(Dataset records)

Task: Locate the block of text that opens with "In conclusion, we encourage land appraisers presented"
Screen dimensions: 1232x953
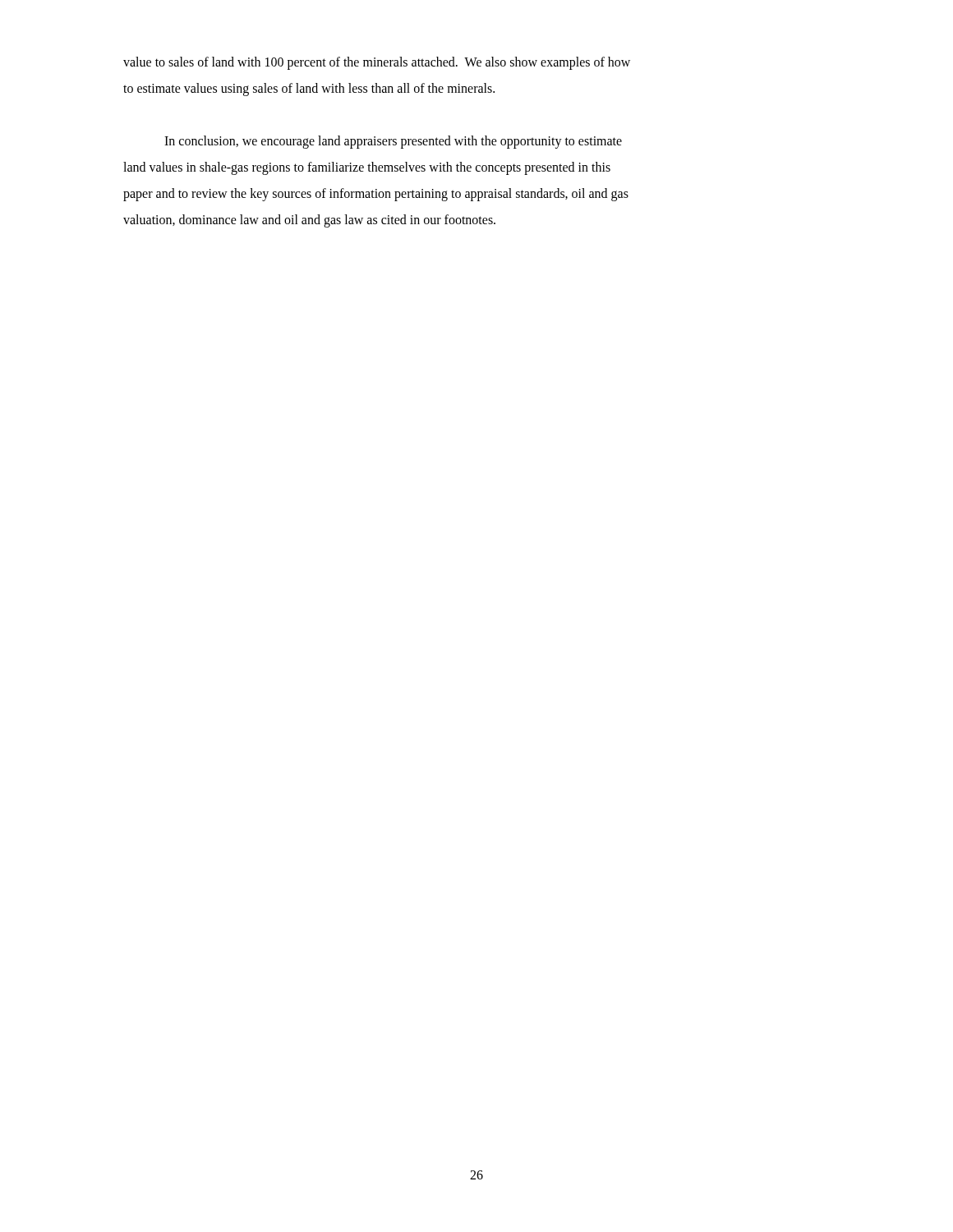Action: click(x=476, y=181)
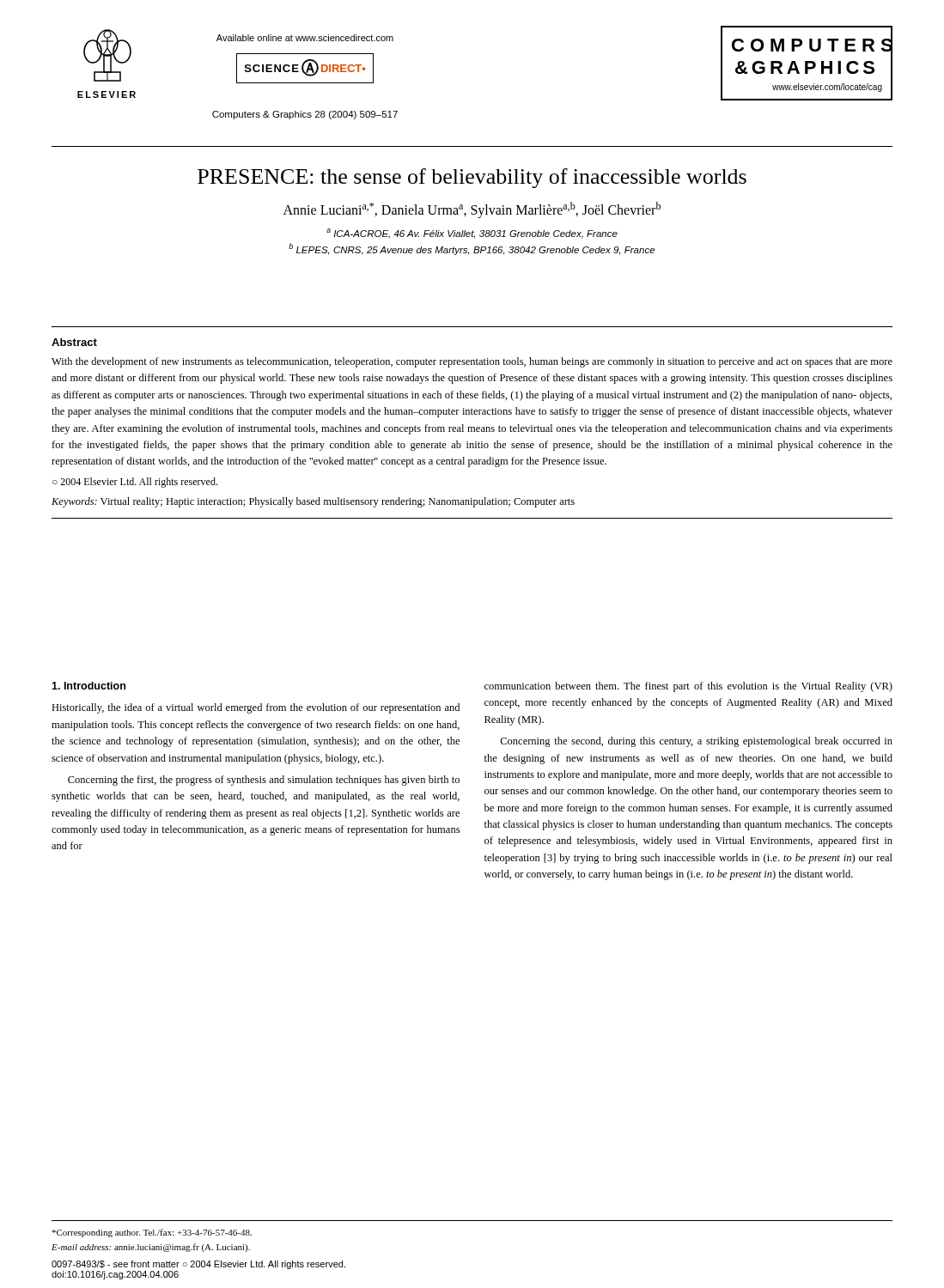Select the passage starting "a ICA-ACROE, 46 Av. Félix Viallet, 38031"
The width and height of the screenshot is (944, 1288).
[x=472, y=241]
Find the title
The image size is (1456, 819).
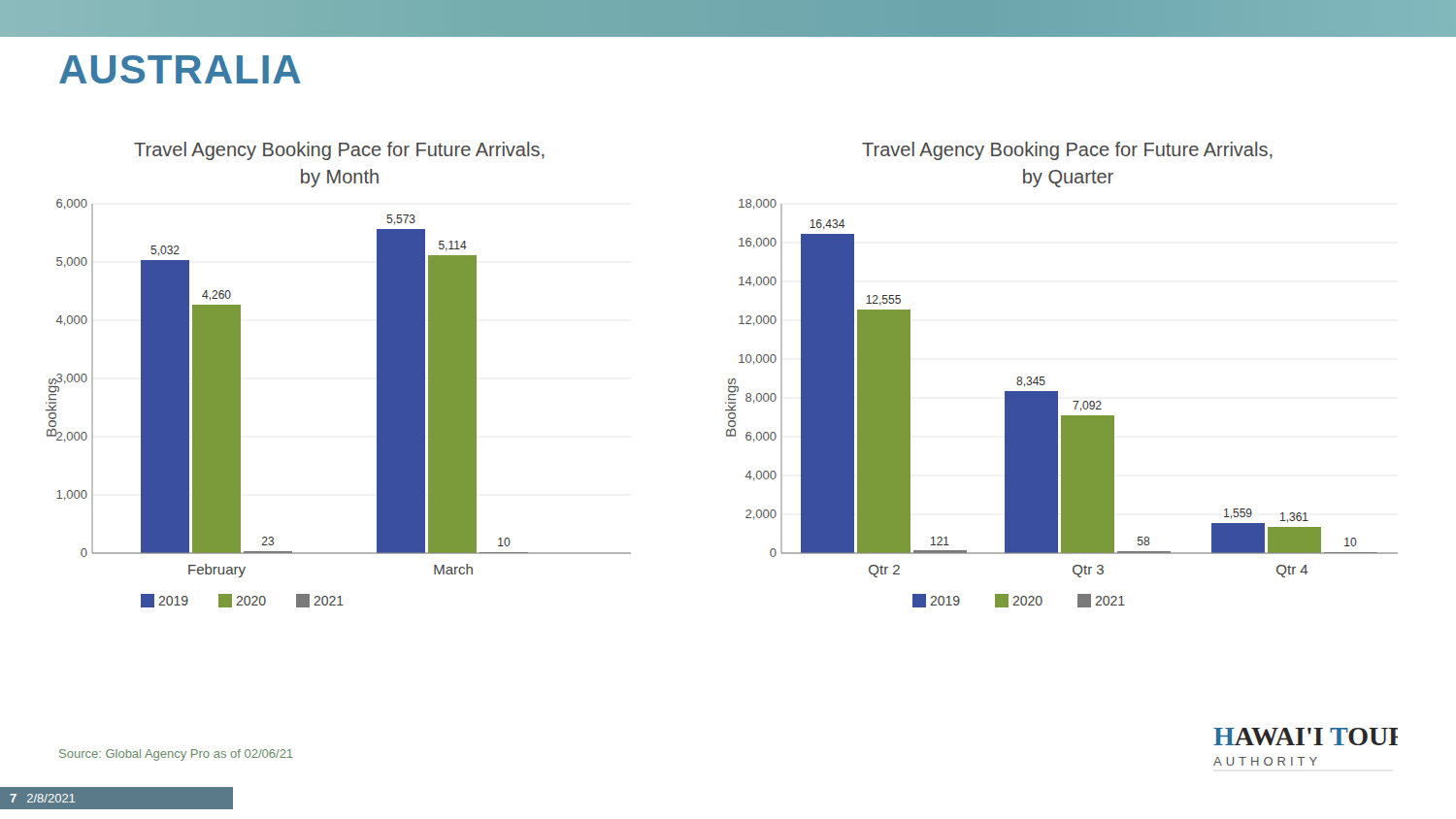(180, 69)
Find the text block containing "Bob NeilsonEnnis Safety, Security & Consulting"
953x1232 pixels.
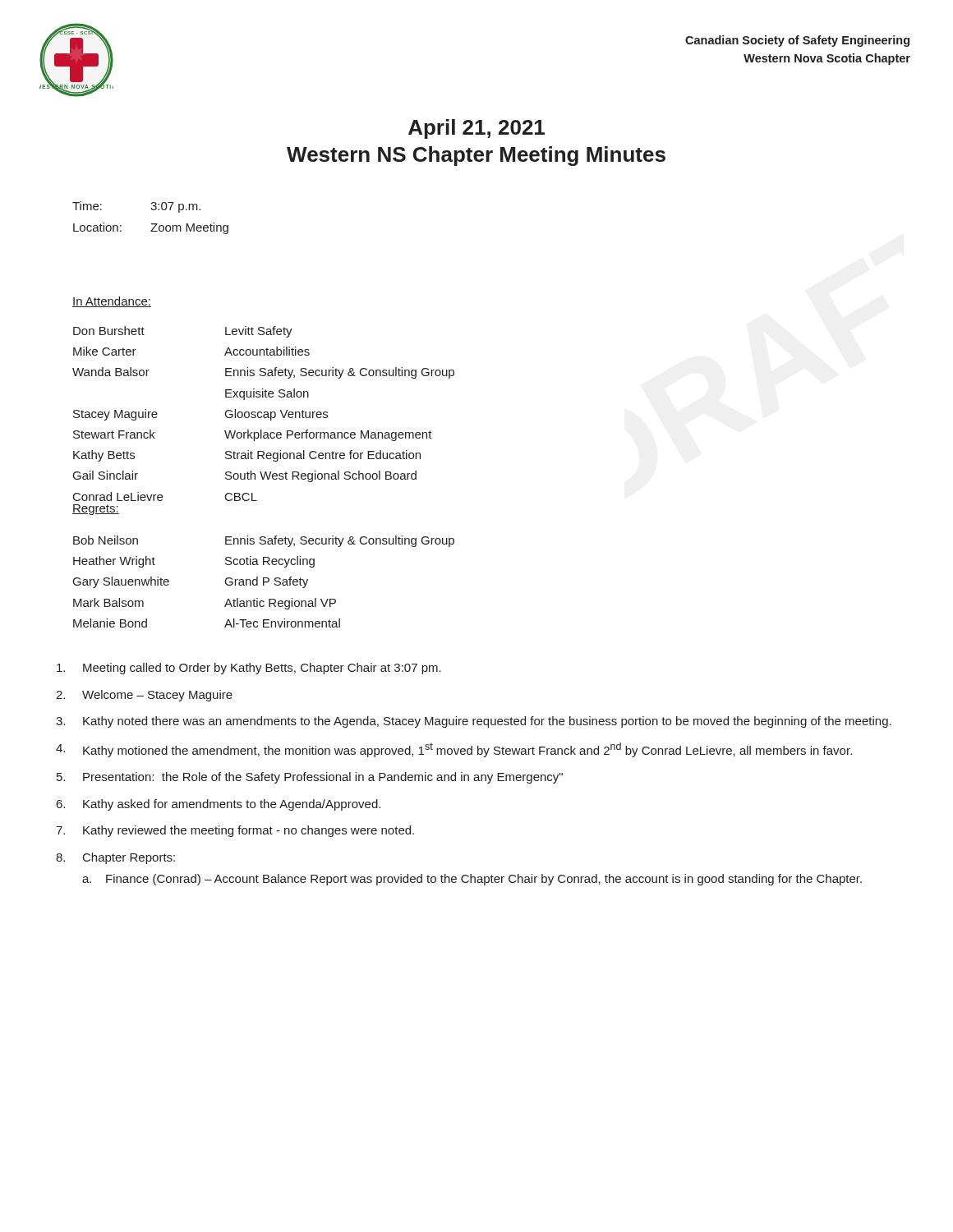[264, 541]
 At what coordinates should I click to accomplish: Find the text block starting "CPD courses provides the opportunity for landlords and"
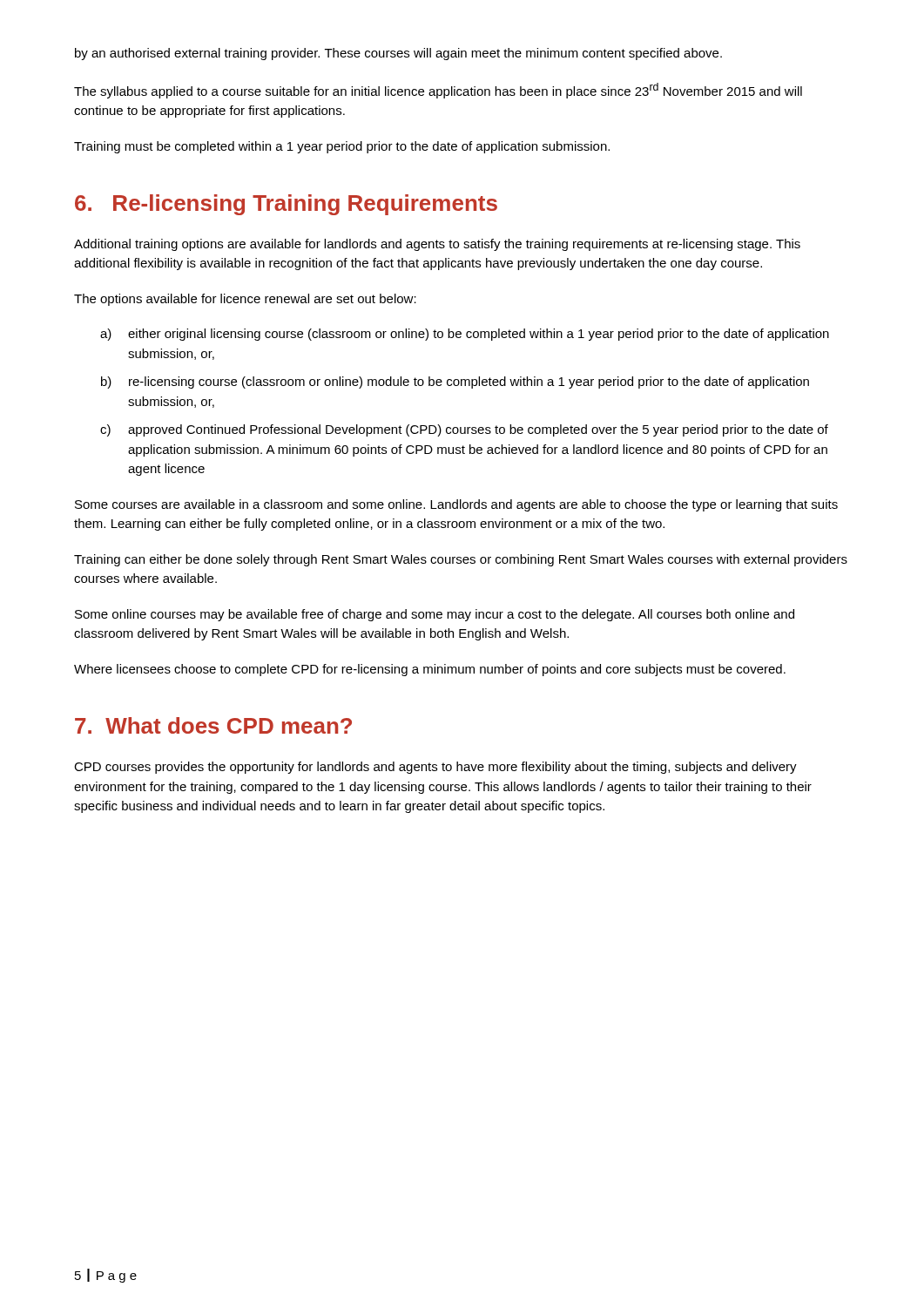[443, 786]
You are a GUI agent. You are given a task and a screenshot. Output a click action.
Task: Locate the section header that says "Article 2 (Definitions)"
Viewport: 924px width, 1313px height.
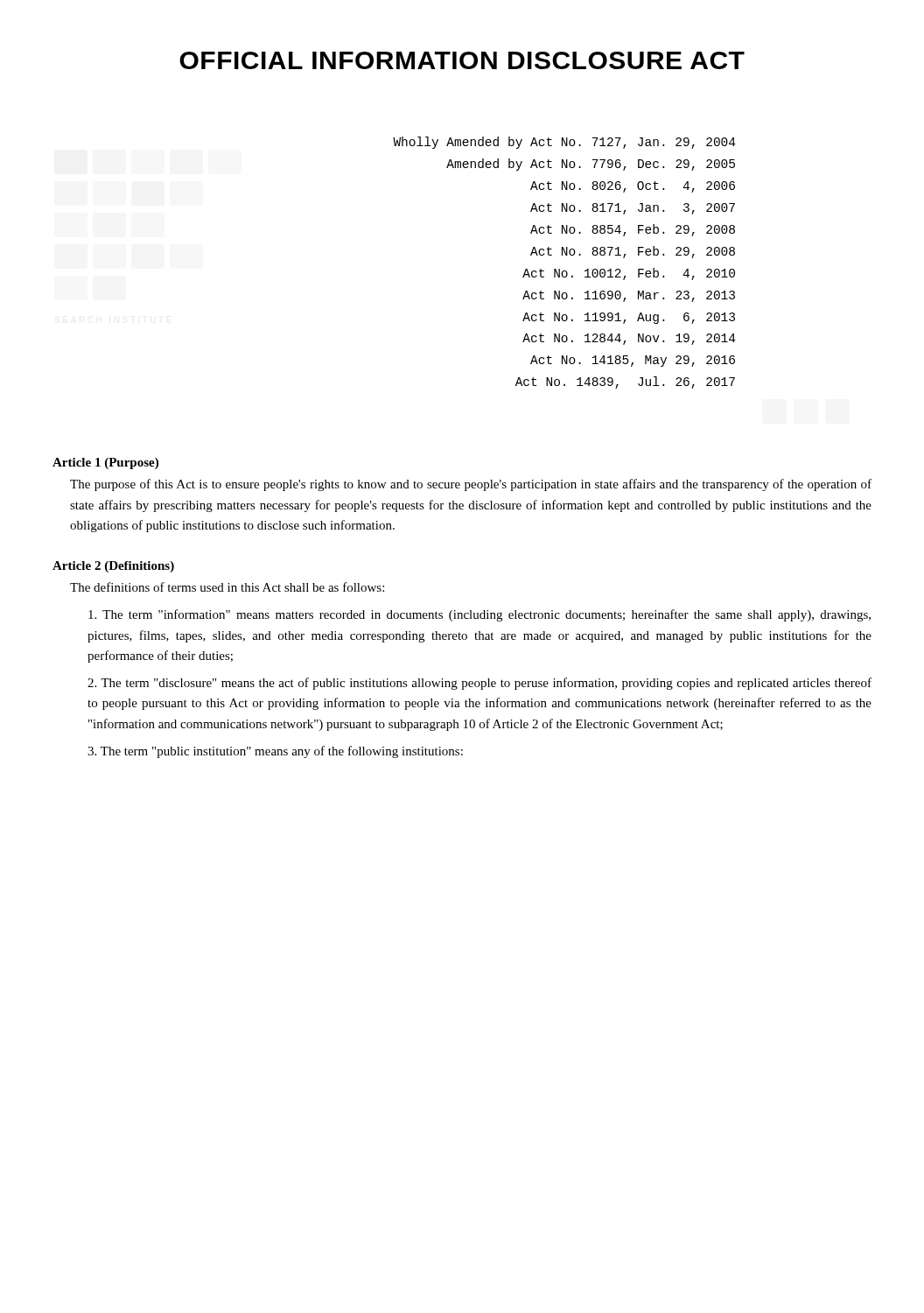tap(113, 565)

— Exercise aim —
Word for word, retype all of the data above, but include no pictures.

— Response to this exercise —
Task: Locate the block of text that opens with "In conclusion, we encourage land appraisers presented"
Screen dimensions: 1232x953
Action: click(x=476, y=181)
Select the passage starting "a ICA-ACROE, 46 Av. Félix Viallet, 38031"
The width and height of the screenshot is (944, 1288).
[x=472, y=241]
Find the title
The image size is (1456, 819).
(180, 69)
Find the text block containing "Bob NeilsonEnnis Safety, Security & Consulting"
953x1232 pixels.
[264, 541]
 At what coordinates should I click to accomplish: Find the text block starting "CPD courses provides the opportunity for landlords and"
[443, 786]
You are a GUI agent. You are given a task and a screenshot. Output a click action.
Task: Locate the section header that says "Article 2 (Definitions)"
Viewport: 924px width, 1313px height.
tap(113, 565)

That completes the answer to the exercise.